Using talking heads, archival footage, taped recollections from the titular subjects and his own narration, Broomfield delves into the mystical notion of the artist-muse relationship. Cohen and Ihlen were almost young when they met on Hydra – he, a brooding writer; she, the charismatic abandoned wife of a Norwegian novelist. “I was his Greek muse who sat at his feet," Ihlen says in the film. “He was the creative one.”

Cohen was the creative one who wrote his second novel Beautiful Losers while on speed. He was also the creative one who came and went as he pleased. “It was a selfish life, but it didn’t seem so at the time,” Cohen says in a voice-over culled from an interview with filmmaker D.A. Pennebaker. “People close to me suffered, because I was always leaving, always trying to get away.”

According to Broomfield, Ihlen, a single mother at the time, never saw herself as the victim. “I don’t think she felt sad for herself.

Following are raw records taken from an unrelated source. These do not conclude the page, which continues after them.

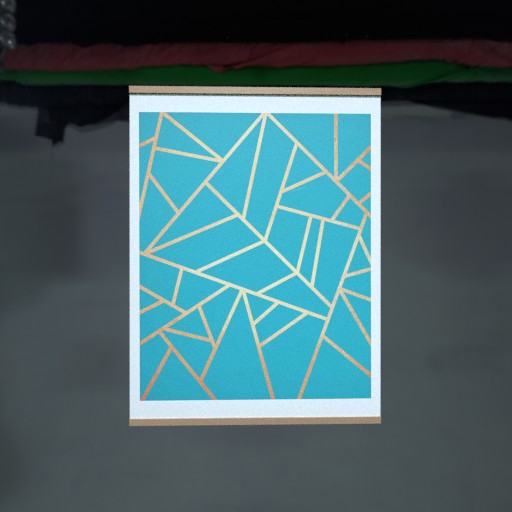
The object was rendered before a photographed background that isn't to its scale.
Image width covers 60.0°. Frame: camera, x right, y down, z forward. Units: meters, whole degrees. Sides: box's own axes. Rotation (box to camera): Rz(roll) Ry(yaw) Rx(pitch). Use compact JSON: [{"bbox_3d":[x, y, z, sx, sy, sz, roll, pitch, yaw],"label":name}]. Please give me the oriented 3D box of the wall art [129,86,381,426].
[{"bbox_3d":[0.000,0.000,1.341,0.758,1.016,0.013,0,0,-1],"label":"wall art"}]
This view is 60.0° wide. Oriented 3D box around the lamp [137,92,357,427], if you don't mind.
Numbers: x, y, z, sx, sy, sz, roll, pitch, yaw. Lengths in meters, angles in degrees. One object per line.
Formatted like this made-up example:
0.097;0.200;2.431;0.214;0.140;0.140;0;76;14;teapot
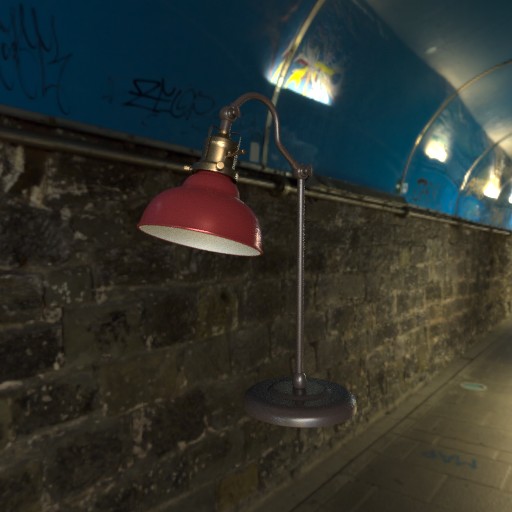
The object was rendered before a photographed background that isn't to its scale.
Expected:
0.000;0.000;0.695;0.374;0.508;0.192;-1;1;-37;lamp
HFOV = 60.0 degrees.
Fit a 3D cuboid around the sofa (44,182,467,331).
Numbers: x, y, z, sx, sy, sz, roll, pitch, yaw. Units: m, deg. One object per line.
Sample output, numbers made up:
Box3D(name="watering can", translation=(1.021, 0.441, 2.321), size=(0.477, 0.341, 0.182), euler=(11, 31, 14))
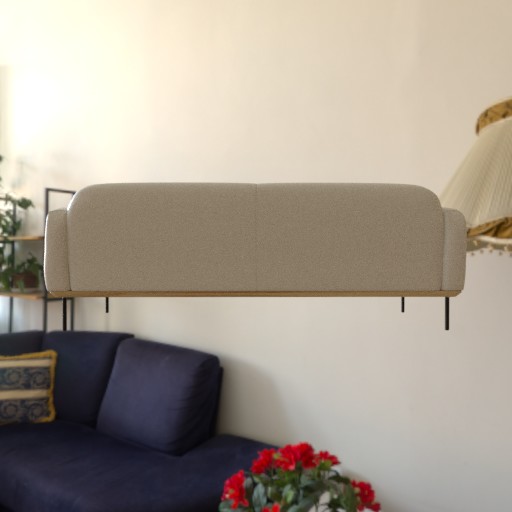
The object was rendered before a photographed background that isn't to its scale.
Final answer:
Box3D(name="sofa", translation=(0.000, 0.000, 2.671), size=(2.257, 0.780, 0.880), euler=(0, 1, -1))
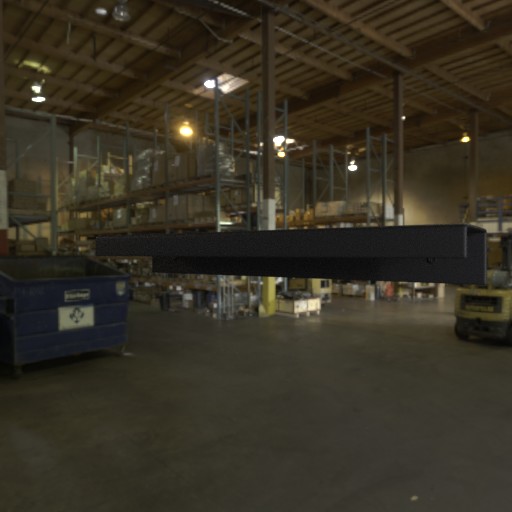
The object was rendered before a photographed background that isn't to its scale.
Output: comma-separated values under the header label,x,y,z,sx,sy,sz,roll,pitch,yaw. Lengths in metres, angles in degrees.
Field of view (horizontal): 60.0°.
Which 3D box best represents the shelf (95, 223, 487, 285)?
label,x,y,z,sx,sy,sz,roll,pitch,yaw
shelf,0.000,0.000,0.503,0.456,0.053,0.102,0,1,35
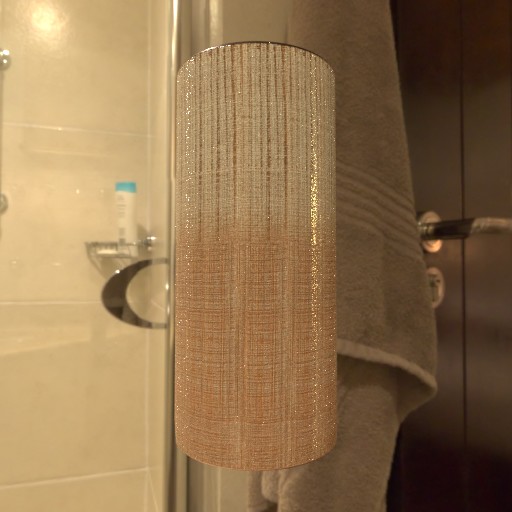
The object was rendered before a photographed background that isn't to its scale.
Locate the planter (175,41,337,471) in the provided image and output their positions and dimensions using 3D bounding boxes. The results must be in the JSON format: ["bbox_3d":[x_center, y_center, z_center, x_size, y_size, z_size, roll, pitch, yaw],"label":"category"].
[{"bbox_3d":[0.000,0.000,0.281,0.100,0.227,0.100,-1,-3,35],"label":"planter"}]
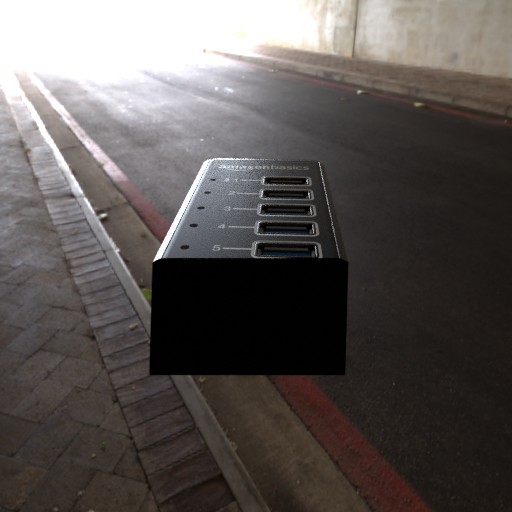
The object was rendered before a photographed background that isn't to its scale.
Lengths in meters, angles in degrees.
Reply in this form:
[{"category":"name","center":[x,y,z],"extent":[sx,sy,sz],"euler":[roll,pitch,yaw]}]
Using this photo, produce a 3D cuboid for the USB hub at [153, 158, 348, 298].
[{"category":"USB hub","center":[0.000,0.000,0.124],"extent":[0.044,0.023,0.110],"euler":[2,29,3]}]
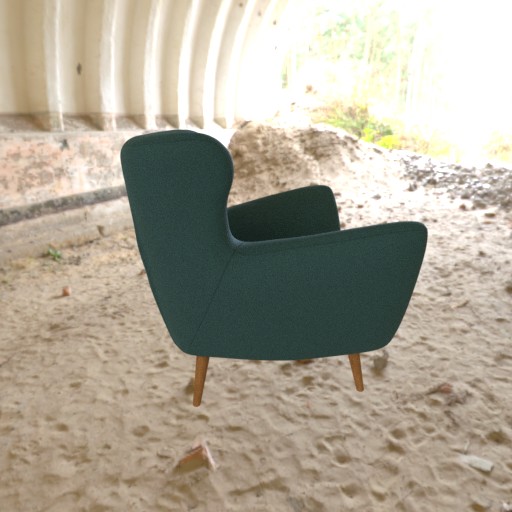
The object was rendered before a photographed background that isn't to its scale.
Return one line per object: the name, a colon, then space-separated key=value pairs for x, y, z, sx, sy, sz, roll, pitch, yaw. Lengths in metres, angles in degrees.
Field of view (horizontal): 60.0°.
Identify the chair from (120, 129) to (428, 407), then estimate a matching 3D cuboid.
chair: x=0.000 y=0.000 z=1.629 sx=0.889 sy=0.889 sz=0.890 roll=-3 pitch=17 yaw=-10
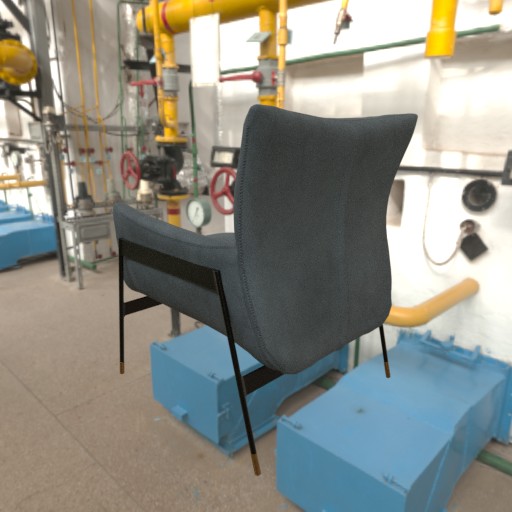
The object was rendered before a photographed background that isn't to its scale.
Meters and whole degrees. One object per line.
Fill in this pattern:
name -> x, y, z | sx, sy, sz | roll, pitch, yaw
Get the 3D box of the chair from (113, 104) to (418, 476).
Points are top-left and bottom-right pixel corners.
chair -> 0.000, 0.000, 1.400 | 0.678, 0.858, 0.709 | -15, 22, -43
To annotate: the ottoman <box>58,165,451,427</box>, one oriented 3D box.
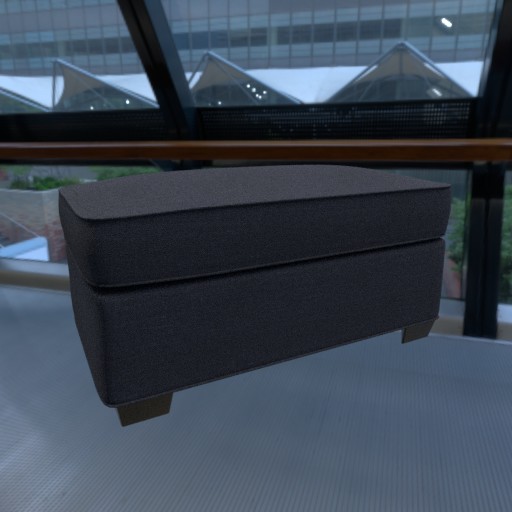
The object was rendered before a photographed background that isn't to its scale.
[{"bbox_3d":[0.000,0.000,1.157,0.895,0.453,0.505,-8,18,-27],"label":"ottoman"}]
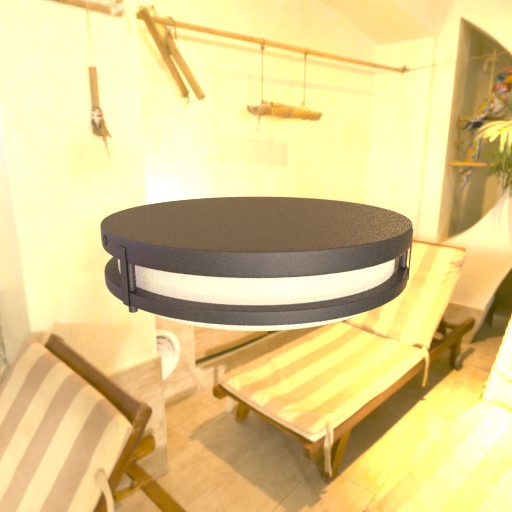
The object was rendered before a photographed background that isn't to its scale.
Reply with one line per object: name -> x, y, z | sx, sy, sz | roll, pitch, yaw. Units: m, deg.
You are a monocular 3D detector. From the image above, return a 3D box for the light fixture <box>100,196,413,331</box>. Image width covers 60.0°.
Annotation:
light fixture -> 0.000, 0.000, 0.543 | 0.356, 0.102, 0.356 | 0, 15, 0
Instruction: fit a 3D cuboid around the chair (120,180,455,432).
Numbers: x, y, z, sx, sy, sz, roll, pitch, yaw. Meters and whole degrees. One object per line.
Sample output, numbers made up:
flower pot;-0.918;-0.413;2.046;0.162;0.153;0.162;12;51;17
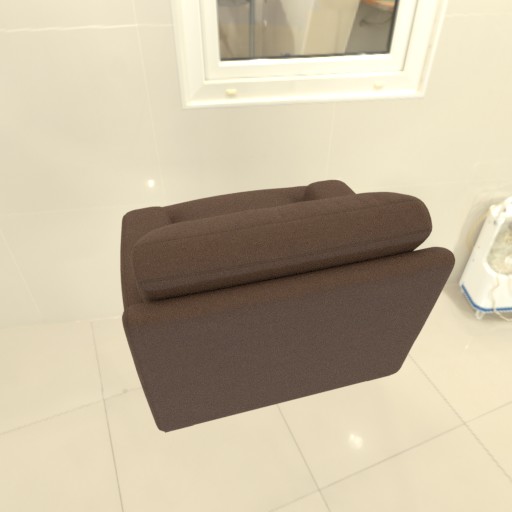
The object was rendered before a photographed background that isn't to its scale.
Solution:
chair;0.000;0.000;1.993;1.168;0.940;1.143;-10;42;-12
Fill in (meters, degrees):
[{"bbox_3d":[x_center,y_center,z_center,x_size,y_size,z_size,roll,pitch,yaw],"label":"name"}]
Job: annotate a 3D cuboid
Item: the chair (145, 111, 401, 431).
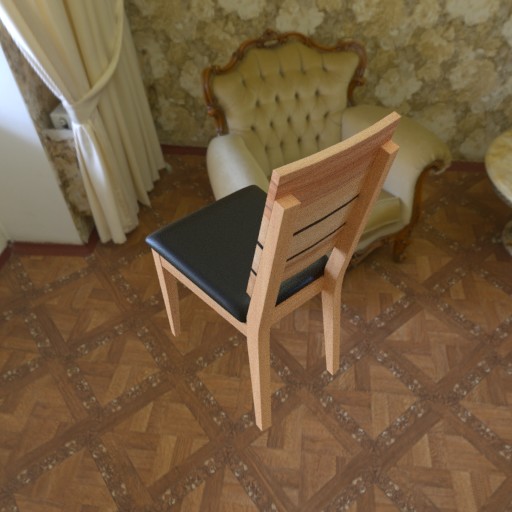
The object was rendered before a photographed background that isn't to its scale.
[{"bbox_3d":[0.000,0.000,1.216,0.410,0.940,0.520,-30,53,-26],"label":"chair"}]
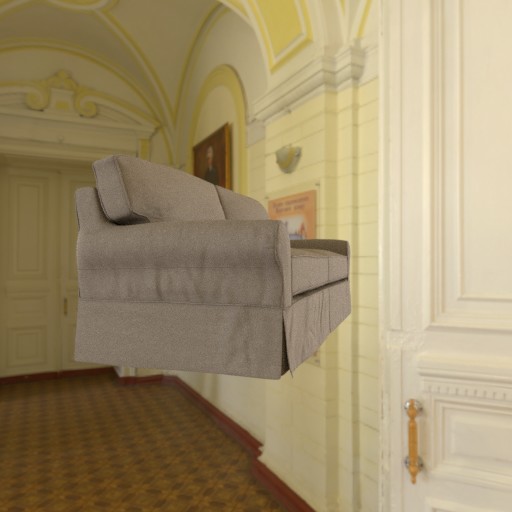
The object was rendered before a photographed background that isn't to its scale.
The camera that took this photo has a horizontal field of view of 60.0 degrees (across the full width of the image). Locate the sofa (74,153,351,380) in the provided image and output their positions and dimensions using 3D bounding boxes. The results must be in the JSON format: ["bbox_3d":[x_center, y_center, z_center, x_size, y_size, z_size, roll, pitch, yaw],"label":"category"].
[{"bbox_3d":[0.000,0.000,2.803,0.991,0.943,2.248,0,0,19],"label":"sofa"}]
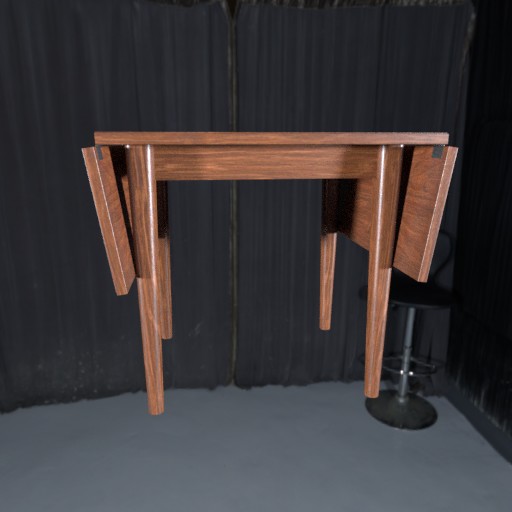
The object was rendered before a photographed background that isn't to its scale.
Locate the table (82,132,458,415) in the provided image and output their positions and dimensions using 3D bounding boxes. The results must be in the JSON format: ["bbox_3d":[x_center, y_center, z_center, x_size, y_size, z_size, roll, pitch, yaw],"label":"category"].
[{"bbox_3d":[0.000,0.000,1.450,0.843,0.763,0.812,-2,15,-7],"label":"table"}]
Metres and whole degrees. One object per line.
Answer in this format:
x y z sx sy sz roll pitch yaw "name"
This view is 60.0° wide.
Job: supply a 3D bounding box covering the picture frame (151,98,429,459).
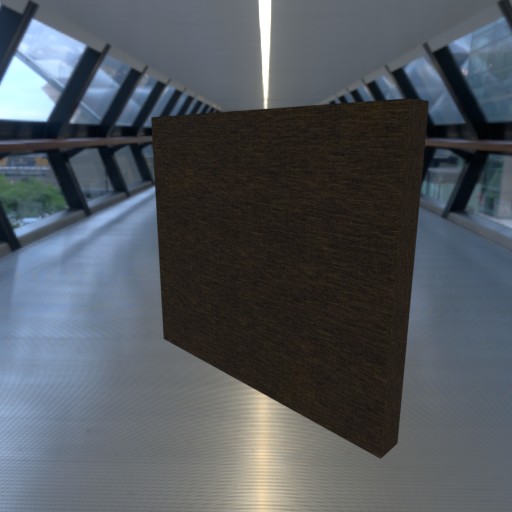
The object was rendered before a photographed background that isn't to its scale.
0.000 0.000 0.530 0.033 0.330 0.378 -14 20 -43 "picture frame"
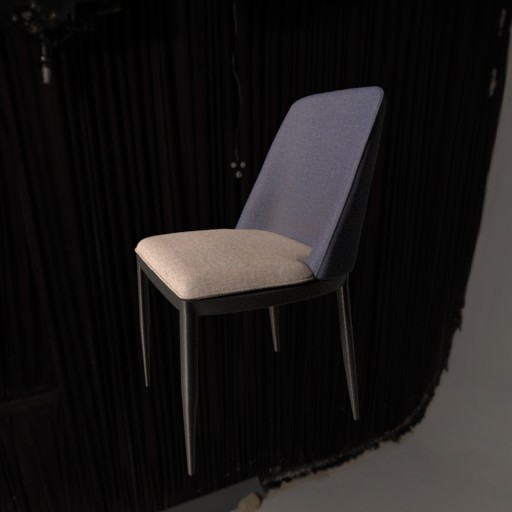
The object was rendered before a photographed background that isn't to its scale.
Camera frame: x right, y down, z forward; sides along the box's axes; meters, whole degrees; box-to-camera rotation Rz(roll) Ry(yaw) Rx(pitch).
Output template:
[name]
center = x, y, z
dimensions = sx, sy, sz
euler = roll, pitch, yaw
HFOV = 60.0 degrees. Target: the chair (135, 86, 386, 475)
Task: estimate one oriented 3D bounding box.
[chair]
center = 0.000, 0.000, 1.162
dimensions = 0.551, 0.839, 0.480
euler = -8, 17, -26
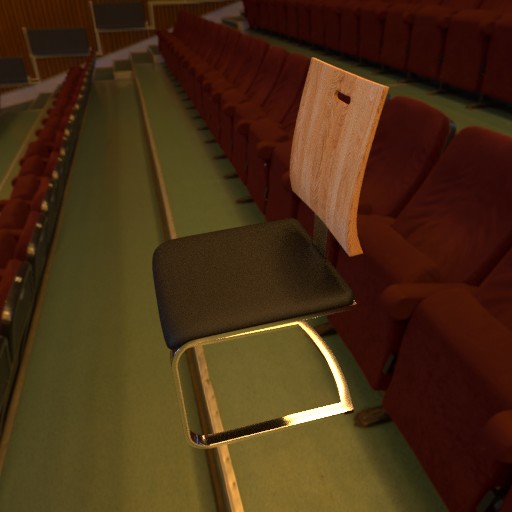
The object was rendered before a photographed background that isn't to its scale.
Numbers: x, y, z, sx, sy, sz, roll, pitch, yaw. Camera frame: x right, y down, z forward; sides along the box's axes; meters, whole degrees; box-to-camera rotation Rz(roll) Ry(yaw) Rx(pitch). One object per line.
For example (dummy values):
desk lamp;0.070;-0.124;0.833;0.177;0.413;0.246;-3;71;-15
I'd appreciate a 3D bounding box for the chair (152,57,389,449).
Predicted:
chair;0.000;0.000;1.216;0.560;0.936;0.462;-9;33;-13
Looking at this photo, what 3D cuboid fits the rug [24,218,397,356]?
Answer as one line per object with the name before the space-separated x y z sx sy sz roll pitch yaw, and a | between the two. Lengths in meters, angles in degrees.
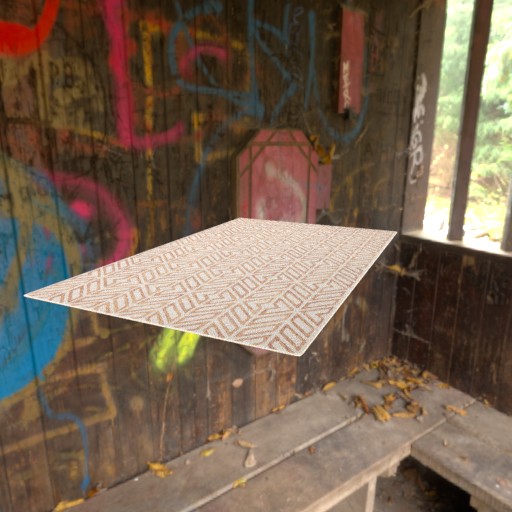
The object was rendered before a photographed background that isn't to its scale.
rug | 0.000 0.000 3.039 1.523 0.008 2.438 7 17 24
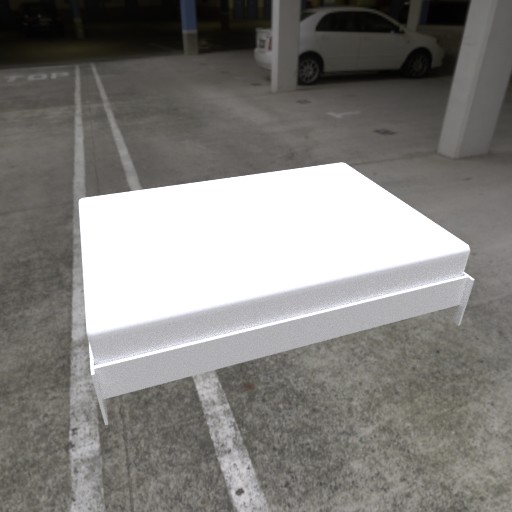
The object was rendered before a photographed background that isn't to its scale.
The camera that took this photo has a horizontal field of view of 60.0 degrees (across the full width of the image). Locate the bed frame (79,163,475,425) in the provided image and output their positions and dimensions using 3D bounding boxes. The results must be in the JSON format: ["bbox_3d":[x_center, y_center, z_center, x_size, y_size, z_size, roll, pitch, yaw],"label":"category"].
[{"bbox_3d":[0.000,0.000,2.683,1.945,0.497,1.445,-11,34,-17],"label":"bed frame"}]
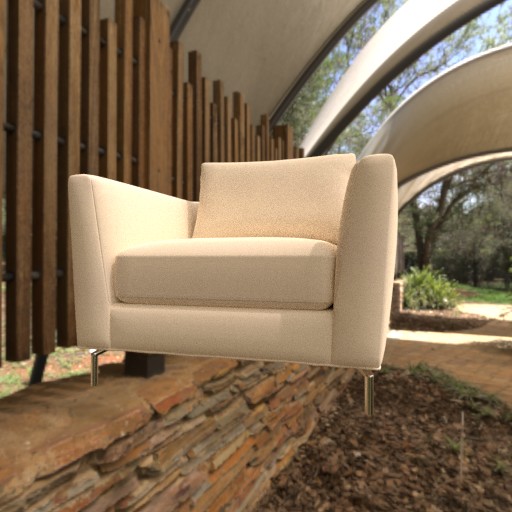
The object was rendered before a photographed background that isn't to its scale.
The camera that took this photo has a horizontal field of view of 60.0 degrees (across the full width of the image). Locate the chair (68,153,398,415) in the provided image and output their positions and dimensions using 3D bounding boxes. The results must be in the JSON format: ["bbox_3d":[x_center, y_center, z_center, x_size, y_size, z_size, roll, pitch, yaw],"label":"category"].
[{"bbox_3d":[0.000,0.000,1.708,1.041,0.865,0.889,0,0,18],"label":"chair"}]
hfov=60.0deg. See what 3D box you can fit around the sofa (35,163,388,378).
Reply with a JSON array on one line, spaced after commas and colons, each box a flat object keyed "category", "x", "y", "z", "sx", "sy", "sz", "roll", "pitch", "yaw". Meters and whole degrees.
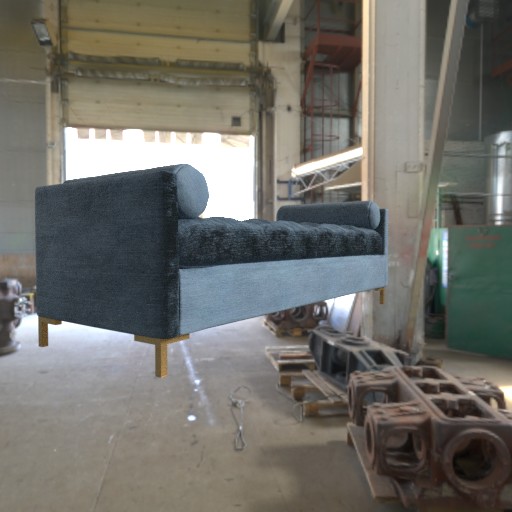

She was a very elegant person who was fascinated by life.”

In his song So Long, Marianne, a restless Cohen comes off as a bit of a cad. He accuses Marianne of being possessive, possibly deceitfully so: “Your fine spider web is fastening my ankle to a stone.”

Marianne is also blamed for Cohen losing his religion: “Well, you know that I love to live with you, but you make me forget so very much / I forget to pray for the angels, and then the angels forget to pray for us.”

Cohen is also hard on himself: “I’m cold as a new razor blade."

Ihlen’s excellent response to So Long, Marianne was pointedly nonchalant. She told Cohen the song couldn’t possibly be about her because he pronounced “Marianne” in a North American way, but that she was Norwegian.

Asked about his assessment of Cohen the man, Broomfield says he goes along with the candid thoughts of Aviva Cantor, the long-time common-law wife of Canadian poet Irving Layton, a close friend of Cohen’s. “He could love women from a distance, make them feel good, but he couldn’t give himself to them," she said of the I’m Your Man Lothario. "He couldn’t give himself away.”

Says Broomfield, “Aviva’s view of Leonard is the view I believe. It made sense to me.”

Whenever Cohen would make an important life choice, his pal Layton would ask, “Leonard, are you sure you’re doing the wrong thing?” Broomfield laughs at the quote. “That gets to Leonard Cohen’s character,” he says. "And I think you adore a person like that, too. After all, we all have that element in ourselves.”